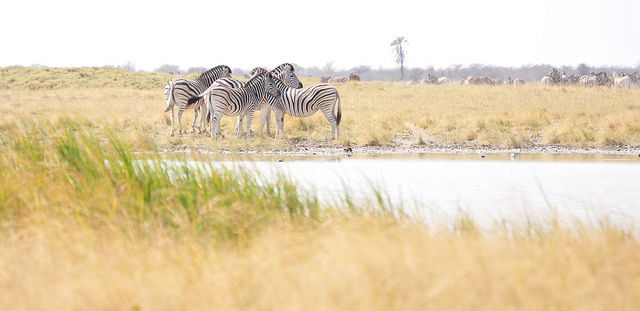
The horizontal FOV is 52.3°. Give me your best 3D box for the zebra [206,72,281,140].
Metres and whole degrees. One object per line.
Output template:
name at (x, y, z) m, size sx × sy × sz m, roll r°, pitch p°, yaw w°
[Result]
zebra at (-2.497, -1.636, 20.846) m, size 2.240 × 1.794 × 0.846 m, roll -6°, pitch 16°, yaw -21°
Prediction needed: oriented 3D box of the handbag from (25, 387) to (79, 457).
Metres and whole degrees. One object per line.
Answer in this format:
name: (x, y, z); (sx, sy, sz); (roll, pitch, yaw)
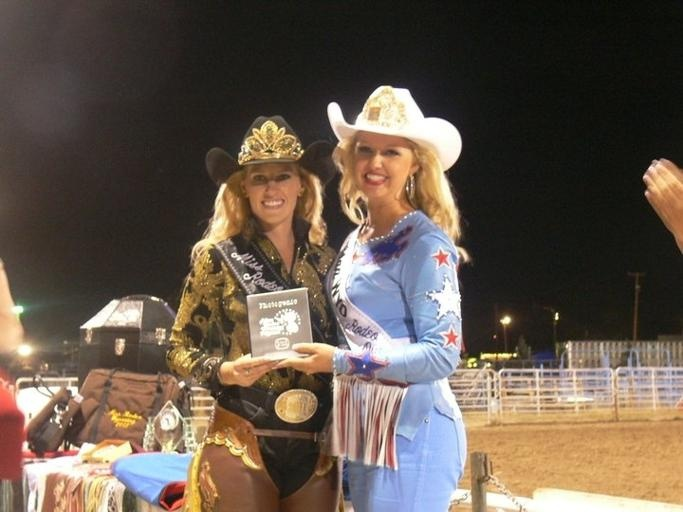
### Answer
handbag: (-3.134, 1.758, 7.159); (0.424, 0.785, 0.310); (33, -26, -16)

#### [Task statement]
Where the line containing "Prediction needed: oriented" appears, begin copying there and continue exactly through the final line of the records; both end lines belong in the copy, pictures do not.

#### [Output for this exercise]
Prediction needed: oriented 3D box of the handbag from (25, 387) to (79, 457).
Metres and whole degrees. One object per line.
Answer in this format:
name: (x, y, z); (sx, sy, sz); (roll, pitch, yaw)
### Answer
handbag: (-3.134, 1.758, 7.159); (0.424, 0.785, 0.310); (33, -26, -16)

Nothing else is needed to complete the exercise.